Find the length of $\{z \in \mathbb C: |z-1|+|z+1|=4\}$

Question

Find the length of $\{z \in \mathbb C: |z-1|+|z+1|=4\}$.

If we could write $z=x+iy$, then this is an ellipse of the form $$\frac{x^2}{4}+\frac{y^2}{3}=1$$ So $x=2\cos t, y=\sqrt{3}\sin t$, so the path is $$\gamma(t)=2\cos t+i\sqrt{3}\sin t, t \in [0, 2\pi]$$ Thus, the primeter of the ellipse is $$\begin{aligned} \int^{2\pi}_0|\gamma'(t)|dt & =\int^{2\pi}_0|-2\sin t +i\sqrt{3}\cos t|dt\\ & =\int^{2\pi}_0 \sqrt{4\sin^2t+3\cos^2t}dt\\ & =\int^{2\pi}_0\sqrt{3+\sin^2t}dt \end{aligned}$$ Any help with how to go any further?

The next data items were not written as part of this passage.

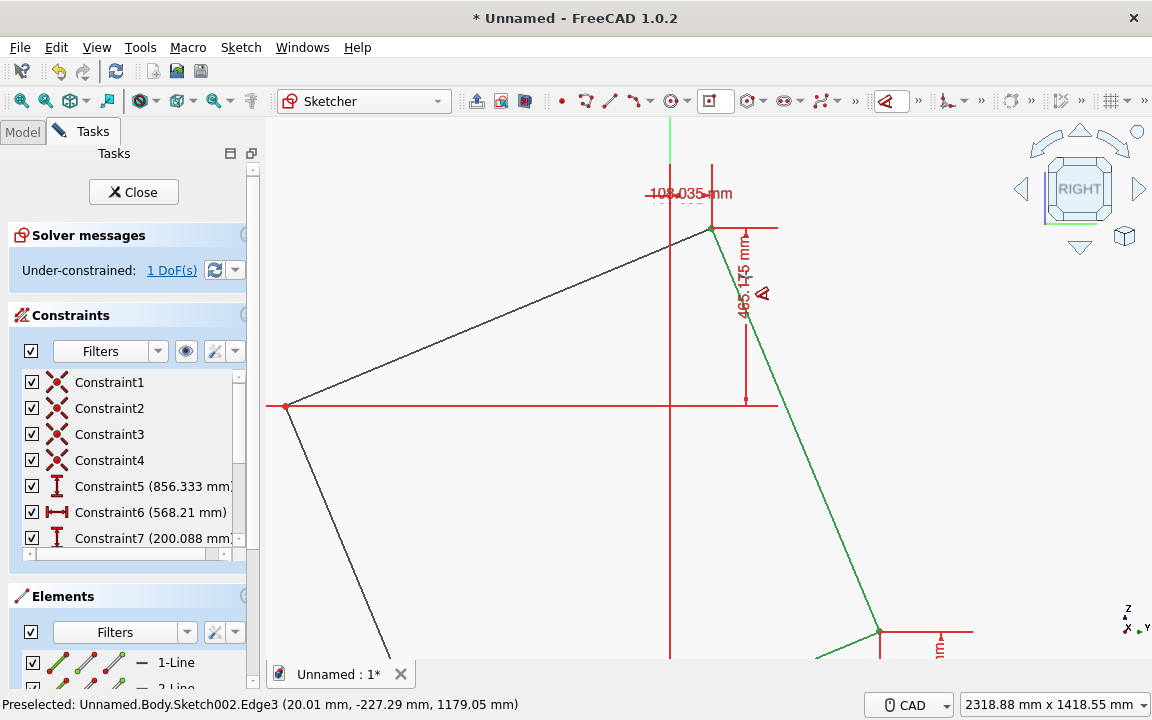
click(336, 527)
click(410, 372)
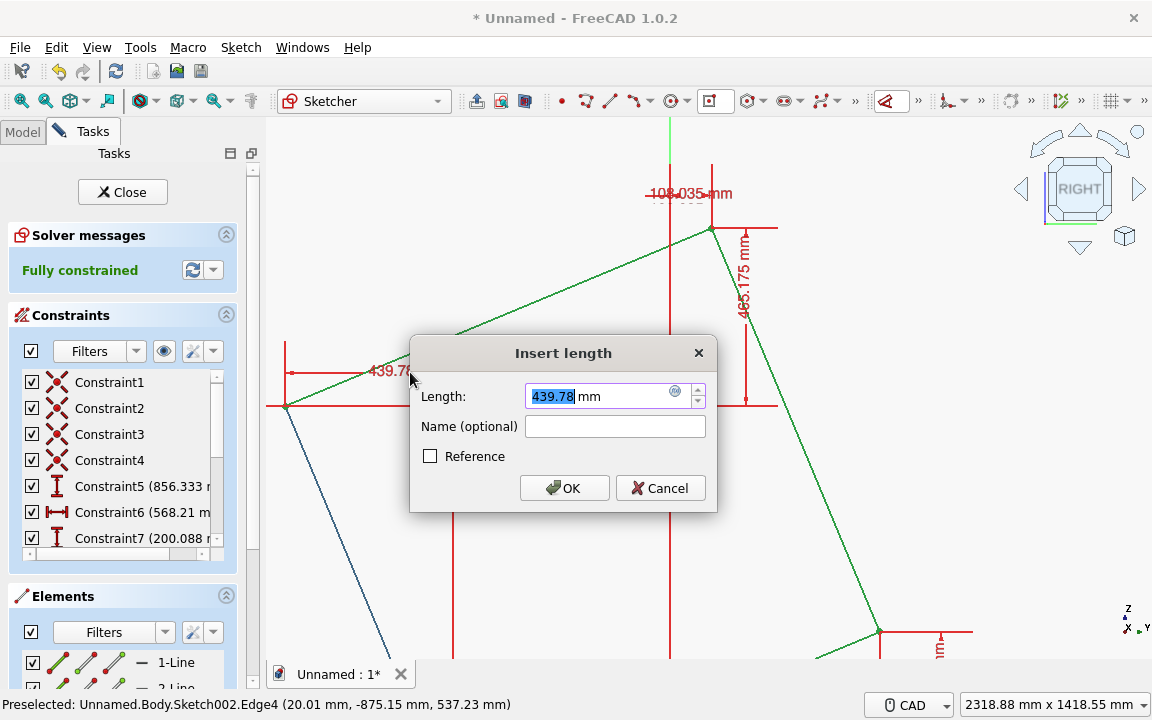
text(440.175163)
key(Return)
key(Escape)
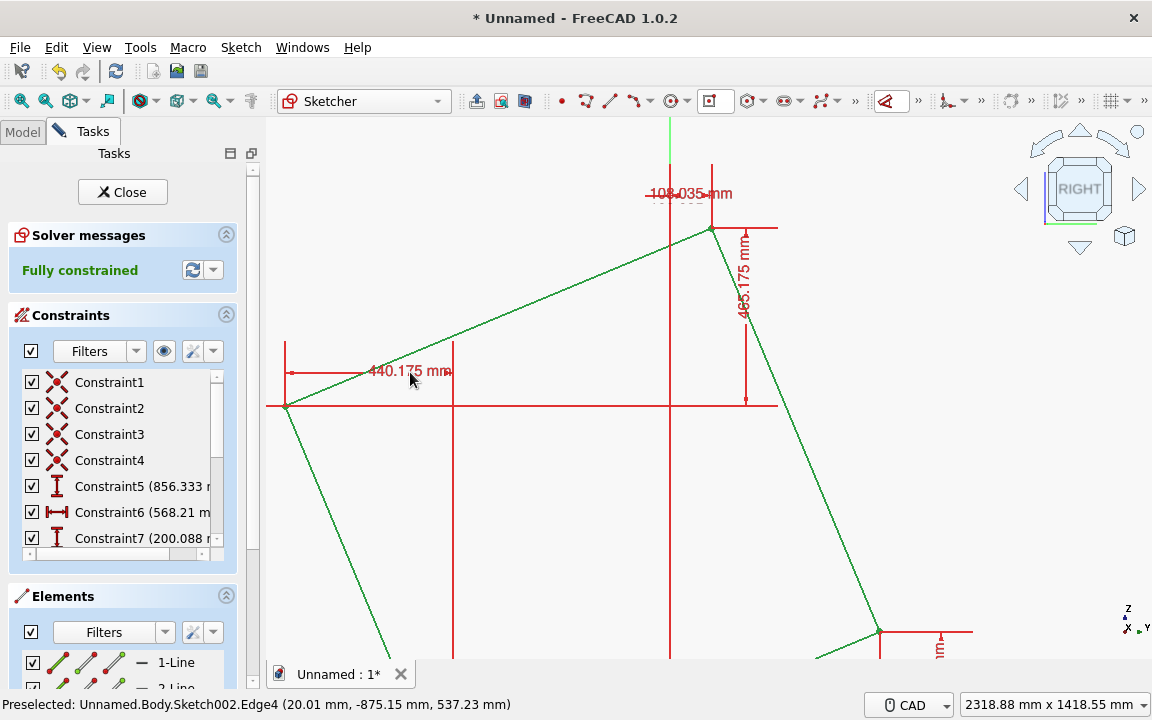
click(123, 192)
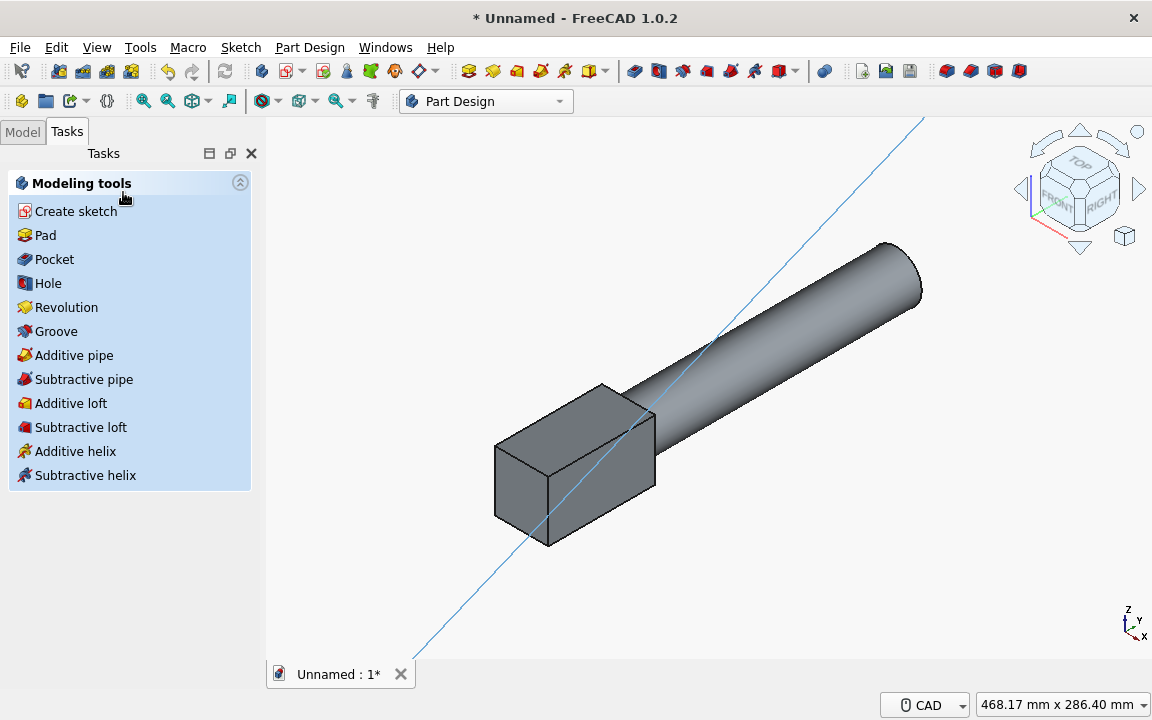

Thanks~

Answer 1

In a previous post I give the solution for the arc length of an ellipse in the complex plane, e.g.,

$$ z=a\cos t+ib\sin t,\quad t\in[0,2\pi]\\ s=\int |\dot z|~dt $$

The solution can be expressed in terms of the comple elliptic integral of the second kind or the Gauss hypergeometric function as follows:

$$ \begin{align} s &=\int_0^{2\pi}b\sqrt{A\sin^2\theta+1}~d\theta,\quad A=\left(\frac{a^2-b^2}{b^2}\right)\\ \\ &=4b\text{E}(-A)=4b\frac{\pi}{2}~ _2\text{F}_1\left(-\frac 12,\frac 12;1;-A \right) \end{align} $$

For $a=2$ and $b=\sqrt{3}$, we find that $s\approx11.7397$.